You are currently researching a graph traversal algorithm called the Breadth First Search (BFS). Suppose you have an input graph of $$$N$$$ nodes (numbered from $$$1$$$ to $$$N$$$). The graph is represented by an adjacency matrix $$$M$$$, for which node $$$u$$$ can traverse to node $$$v$$$ if $$$M_{u, v}$$$ is $$$1$$$, otherwise it is $$$0$$$. Your algorithm will output the order the nodes are visited in the BFS. The pseudocode of the algorithm is presented as follows.

    BFS(M[1..N][1..N]):
        let A be an empty array
        let Q be an empty queue

        append 1 to A
        push 1 to Q

        while Q is not empty:
            pop the front element of Q into u
            for v = 1 to N:
                if M[u][v] == 1 and v is not in A:
                    append v to A
                    push v to Q

        return A

During your research, you are interested in the following problem. Given an array $$$A$$$ such that $$$A$$$ is a permutation of $$$1$$$ to $$$N$$$ and $$$A_1 = 1$$$. How many simple undirected graph with $$$N$$$ nodes and adjacency matrix $$$M$$$ such that $$$\text{BFS}(M) = A$$$? Since the answer can be very large, calculate the answer modulo $$$998\,244\,353$$$.
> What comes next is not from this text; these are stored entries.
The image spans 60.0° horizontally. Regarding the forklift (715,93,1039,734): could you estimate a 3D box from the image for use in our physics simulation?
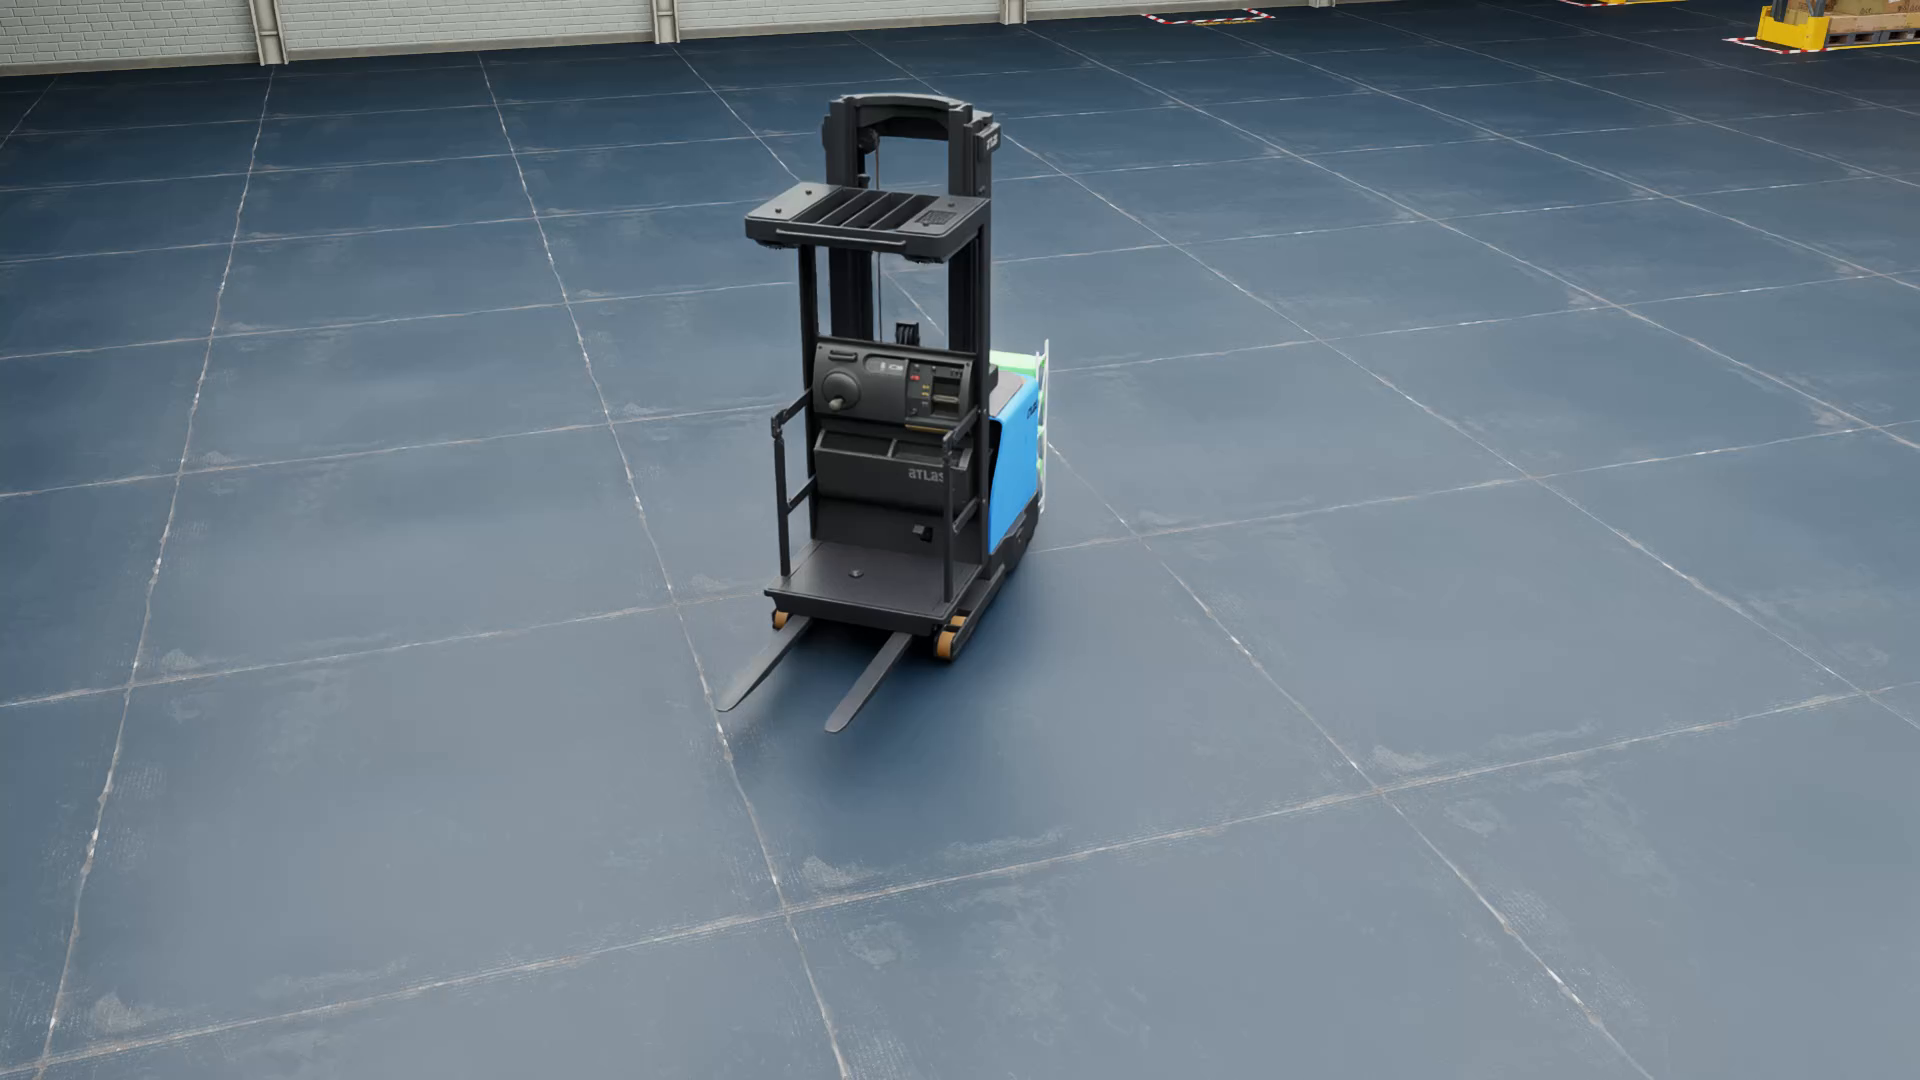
[{"bbox_3d":[-0.448,-0.834,9.135,1.130,2.935,3.031,9,28,17],"label":"forklift"}]

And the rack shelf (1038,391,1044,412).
[{"bbox_3d":[0.289,-0.886,10.790,0.480,0.148,0.258,9,28,17],"label":"rack shelf"}]

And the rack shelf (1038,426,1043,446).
[{"bbox_3d":[0.289,-0.671,10.897,0.480,0.148,0.258,9,28,17],"label":"rack shelf"}]

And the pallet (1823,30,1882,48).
[{"bbox_3d":[14.180,-8.272,27.174,1.213,0.211,1.003,-8,28,-16],"label":"pallet"}]

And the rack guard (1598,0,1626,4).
[{"bbox_3d":[12.001,-10.382,31.101,0.348,0.500,1.175,-8,28,-16],"label":"rack guard"}]

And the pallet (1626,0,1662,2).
[{"bbox_3d":[12.784,-10.350,31.360,1.213,0.211,1.003,-8,28,-16],"label":"pallet"}]

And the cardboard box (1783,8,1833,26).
[{"bbox_3d":[13.884,-8.553,27.225,0.500,0.250,0.500,-8,28,-16],"label":"cardboard box"}]

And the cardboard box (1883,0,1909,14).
[{"bbox_3d":[14.991,-8.814,26.907,0.500,0.500,0.500,-8,28,-16],"label":"cardboard box"}]

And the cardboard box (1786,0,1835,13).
[{"bbox_3d":[13.884,-8.890,27.060,0.500,0.500,0.500,-8,28,-16],"label":"cardboard box"}]

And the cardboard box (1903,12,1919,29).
[{"bbox_3d":[15.471,-8.540,27.198,0.500,0.250,0.500,-8,28,-16],"label":"cardboard box"}]

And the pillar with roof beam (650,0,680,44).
[{"bbox_3d":[-3.456,-10.342,21.462,0.400,9.000,9.100,-8,28,-16],"label":"pillar with roof beam"}]

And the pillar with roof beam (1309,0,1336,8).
[{"bbox_3d":[7.954,-11.994,24.790,0.400,9.000,9.100,-8,28,-16],"label":"pillar with roof beam"}]

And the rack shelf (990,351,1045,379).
[{"bbox_3d":[0.289,-1.101,10.683,0.480,0.148,0.258,9,28,17],"label":"rack shelf"}]

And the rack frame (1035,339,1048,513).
[{"bbox_3d":[0.520,-0.694,10.798,0.015,1.200,0.240,9,28,17],"label":"rack frame"}]

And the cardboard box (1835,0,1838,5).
[{"bbox_3d":[14.830,-9.034,27.350,0.500,0.500,0.500,-8,28,-16],"label":"cardboard box"}]

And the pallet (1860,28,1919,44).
[{"bbox_3d":[15.338,-8.438,27.509,1.213,0.211,1.003,-8,28,-16],"label":"pallet"}]

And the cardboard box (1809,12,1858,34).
[{"bbox_3d":[14.045,-8.334,26.784,0.500,0.250,0.500,-8,28,-16],"label":"cardboard box"}]

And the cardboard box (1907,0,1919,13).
[{"bbox_3d":[15.472,-8.875,27.031,0.500,0.500,0.500,-8,28,-16],"label":"cardboard box"}]

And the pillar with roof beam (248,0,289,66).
[{"bbox_3d":[-9.161,-9.516,19.798,0.400,9.000,9.100,-8,28,-16],"label":"pillar with roof beam"}]

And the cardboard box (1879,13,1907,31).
[{"bbox_3d":[14.994,-8.473,27.064,0.500,0.250,0.500,-8,28,-16],"label":"cardboard box"}]

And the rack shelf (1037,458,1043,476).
[{"bbox_3d":[0.289,-0.456,11.003,0.480,0.148,0.258,9,28,17],"label":"rack shelf"}]

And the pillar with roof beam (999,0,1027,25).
[{"bbox_3d":[2.249,-11.168,23.126,0.400,9.000,9.100,-8,28,-16],"label":"pillar with roof beam"}]

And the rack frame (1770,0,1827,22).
[{"bbox_3d":[13.466,-9.398,26.306,0.127,3.000,1.000,-8,28,-16],"label":"rack frame"}]

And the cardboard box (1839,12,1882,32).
[{"bbox_3d":[14.519,-8.404,26.925,0.500,0.250,0.500,-8,28,-16],"label":"cardboard box"}]

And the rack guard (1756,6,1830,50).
[{"bbox_3d":[13.443,-8.275,26.855,0.348,0.500,1.175,-8,28,-16],"label":"rack guard"}]

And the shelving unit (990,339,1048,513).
[{"bbox_3d":[0.289,-0.729,10.868,0.503,1.200,0.258,9,28,17],"label":"shelving unit"}]

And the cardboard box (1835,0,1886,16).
[{"bbox_3d":[14.519,-8.739,26.757,0.500,0.500,0.500,-8,28,-16],"label":"cardboard box"}]

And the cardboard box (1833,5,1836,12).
[{"bbox_3d":[14.356,-8.627,27.374,0.500,0.250,0.500,-8,28,-16],"label":"cardboard box"}]

A simple graph has no self-loop ($$$M_{i, i} = 0$$$ for $$$1 \leq i \leq N$$$) and there is at most one edge that connects a pair of nodes. In an undirected graph, if node $$$u$$$ is adjacent to node $$$v$$$, then node $$$v$$$ is also adjacent to node $$$u$$$; formally, $$$M_{u, v} = M_{v, u}$$$ for $$$1 \leq u < v \leq N$$$.

Two graphs are considered different if there is an edge that exists in one graph but not the other. In other words, two graphs are considered different if their adjacency matrices are different.